*PROMPT*
Every line in the entries where "Community" is found should be copied.

Extracted data entries
======

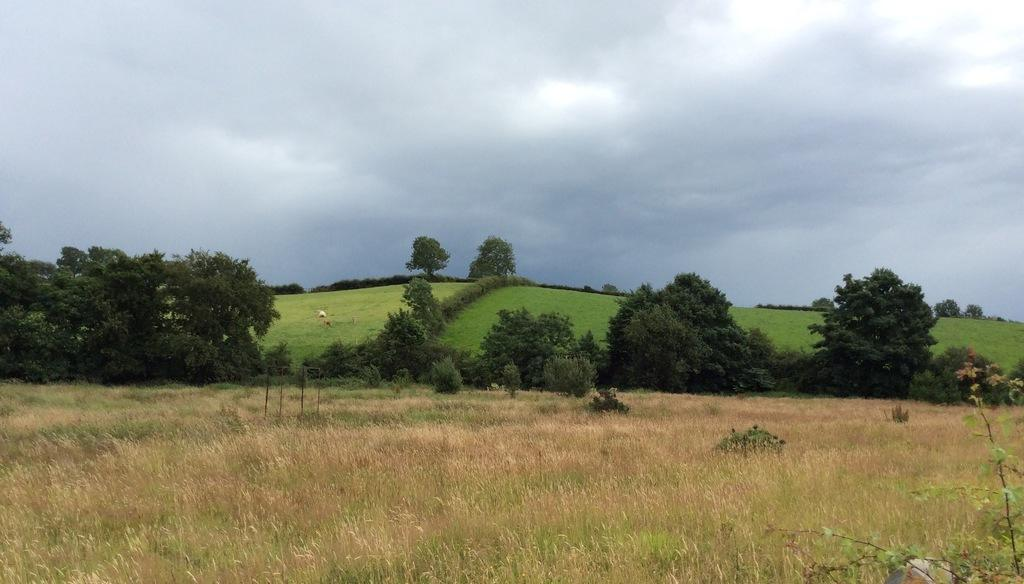What type of vegetation is at the bottom of the image? There is grass at the bottom of the image. What can be seen in the middle of the image? There are groups of trees in the middle of the image. What is visible in the sky in the image? There are clouds in the sky. Can you see any icicles hanging from the trees in the image? There are no icicles present in the image; it features groups of trees and clouds in the sky. Is there an iron object visible in the image? There is no iron object present in the image. 
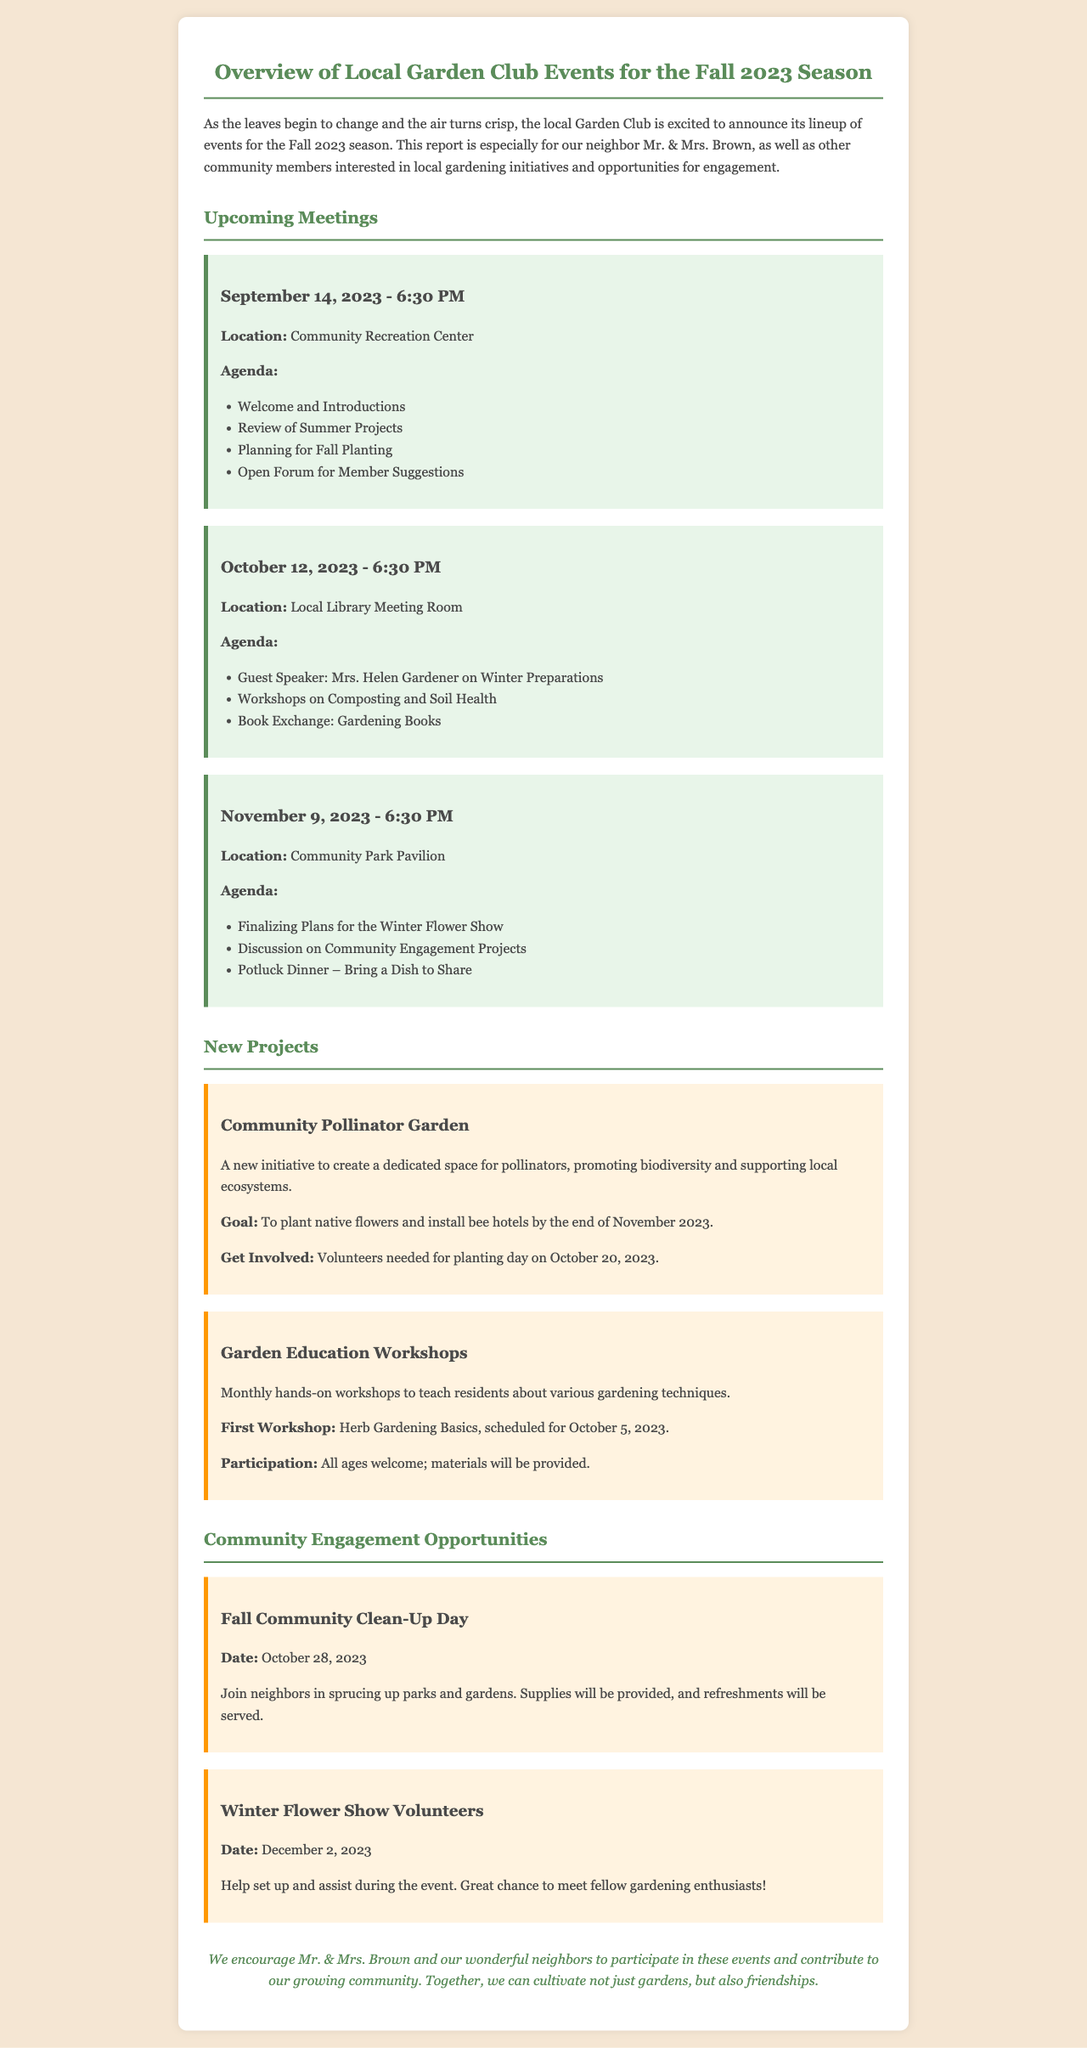What is the date of the first meeting? The first meeting is scheduled for September 14, 2023.
Answer: September 14, 2023 Who is the guest speaker for the October meeting? The guest speaker for the October meeting is Mrs. Helen Gardener.
Answer: Mrs. Helen Gardener What is the goal of the Community Pollinator Garden project? The goal is to plant native flowers and install bee hotels by the end of November 2023.
Answer: To plant native flowers and install bee hotels When is the Fall Community Clean-Up Day scheduled? The Fall Community Clean-Up Day is scheduled for October 28, 2023.
Answer: October 28, 2023 What type of event is happening on November 9, 2023? The event is focused on finalizing plans for the Winter Flower Show.
Answer: Winter Flower Show How often are the Garden Education Workshops held? The Garden Education Workshops are held monthly.
Answer: Monthly What is required from volunteers for the planting day? Volunteers are needed for the planting day on October 20, 2023.
Answer: Volunteers What type of dinner is planned for the November meeting? A potluck dinner is planned, and members are encouraged to bring a dish to share.
Answer: Potluck dinner

======

*RESPONSE FOR THIS EXERCISE*
Answer: Mrs. Helen Gardener What is the goal of the Community Pollinator Garden project? The goal is to plant native flowers and install bee hotels by the end of November 2023.
Answer: To plant native flowers and install bee hotels When is the Fall Community Clean-Up Day scheduled? The Fall Community Clean-Up Day is scheduled for October 28, 2023.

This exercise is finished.